Could all of the entries be written out exactly, with any pictures omitted?

★ ★ ★ ★

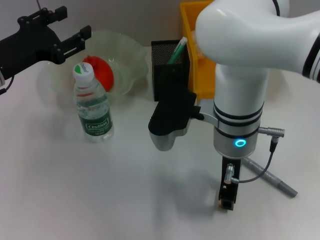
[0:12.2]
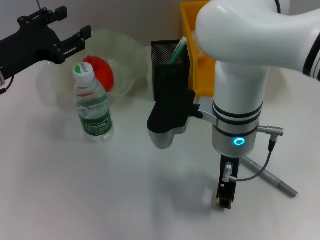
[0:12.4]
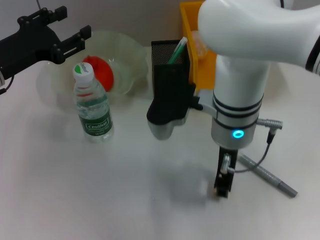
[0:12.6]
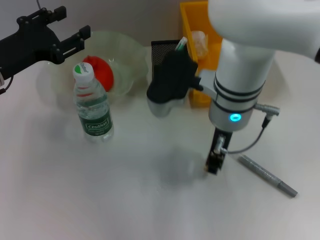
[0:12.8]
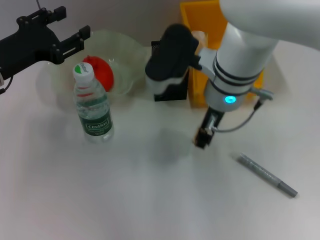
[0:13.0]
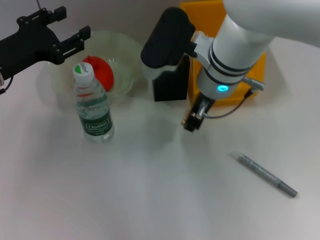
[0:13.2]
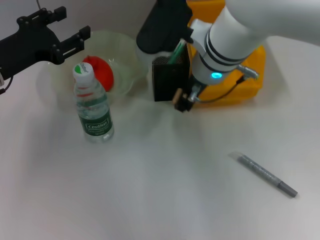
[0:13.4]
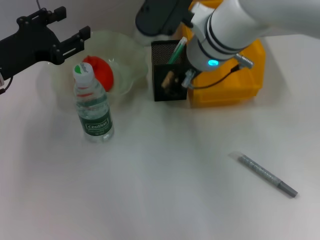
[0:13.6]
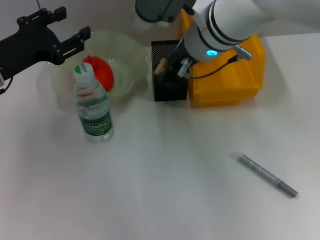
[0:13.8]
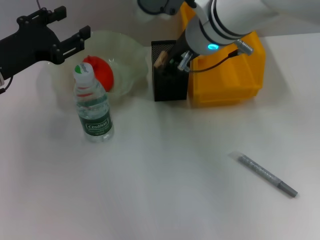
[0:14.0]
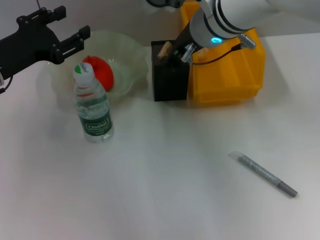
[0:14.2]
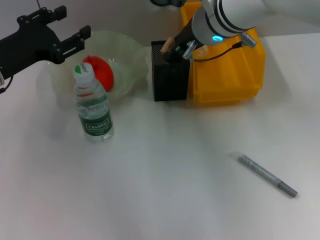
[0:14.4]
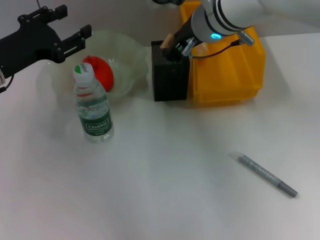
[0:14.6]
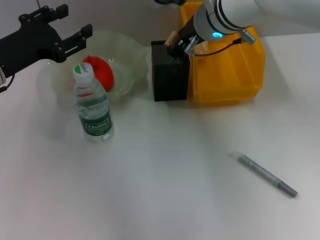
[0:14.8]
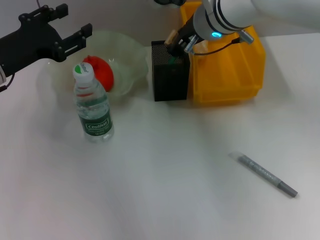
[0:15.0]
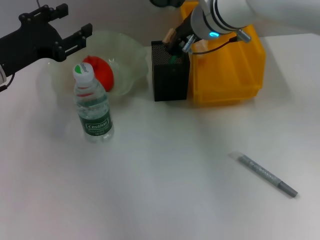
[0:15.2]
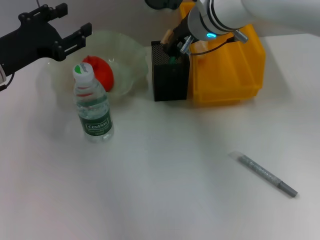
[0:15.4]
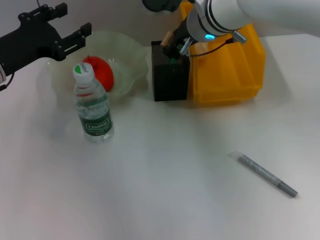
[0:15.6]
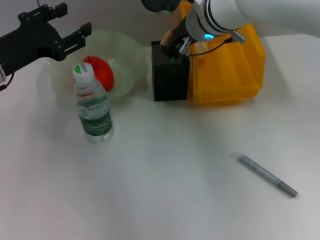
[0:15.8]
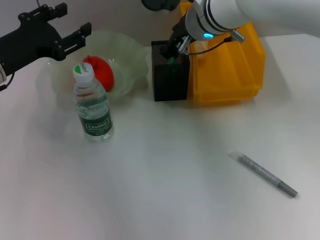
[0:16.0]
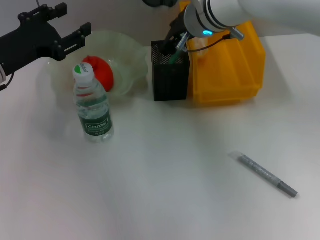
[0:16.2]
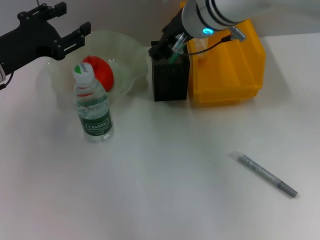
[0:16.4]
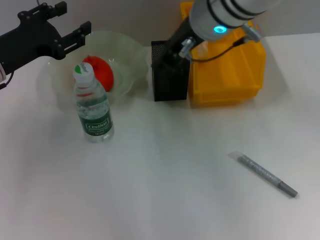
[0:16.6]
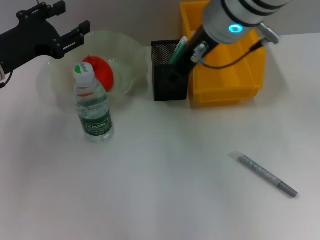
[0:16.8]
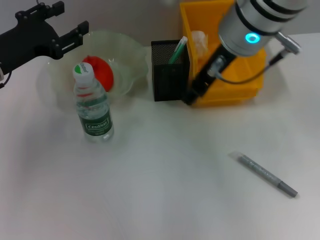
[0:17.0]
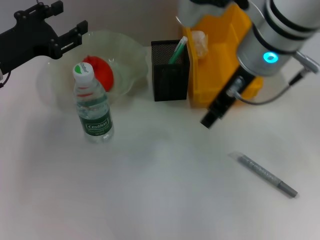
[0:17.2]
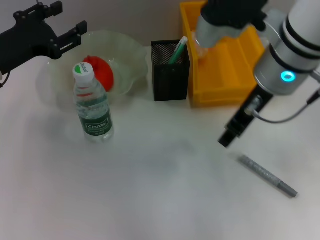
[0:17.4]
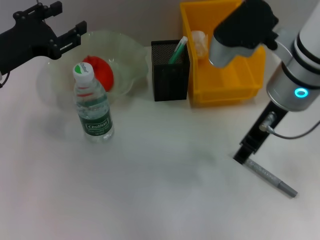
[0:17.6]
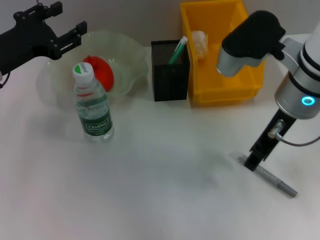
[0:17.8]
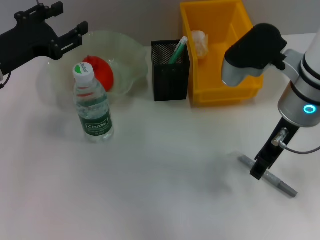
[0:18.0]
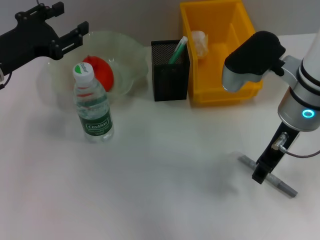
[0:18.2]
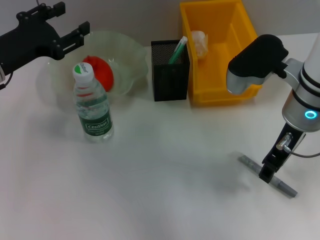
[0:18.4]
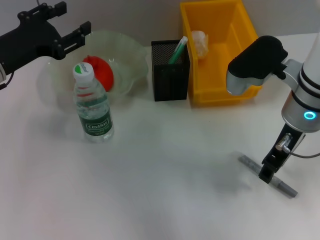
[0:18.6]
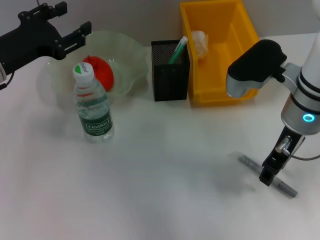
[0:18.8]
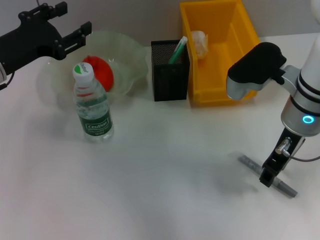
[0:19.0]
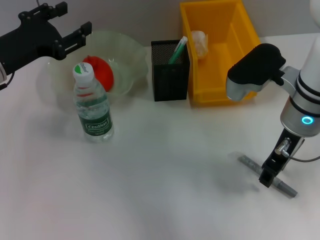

★ ★ ★ ★

### Problem solution
[0:12.2]
[0:12.4]
[0:12.6]
[0:12.8]
[0:13.0]
[0:13.2]
[0:13.4]
[0:13.6]
[0:13.8]
[0:14.0]
[0:14.2]
[0:14.4]
[0:14.6]
[0:14.8]
[0:15.0]
[0:15.2]
[0:15.4]
[0:15.6]
[0:15.8]
[0:16.0]
[0:16.2]
[0:16.4]
[0:16.6]
[0:16.8]
[0:17.0]
[0:17.2]
[0:17.4]
[0:17.6]
[0:17.8]
[0:18.0]
[0:18.2]
[0:18.4]
[0:18.6]
[0:18.8]
[0:19.0]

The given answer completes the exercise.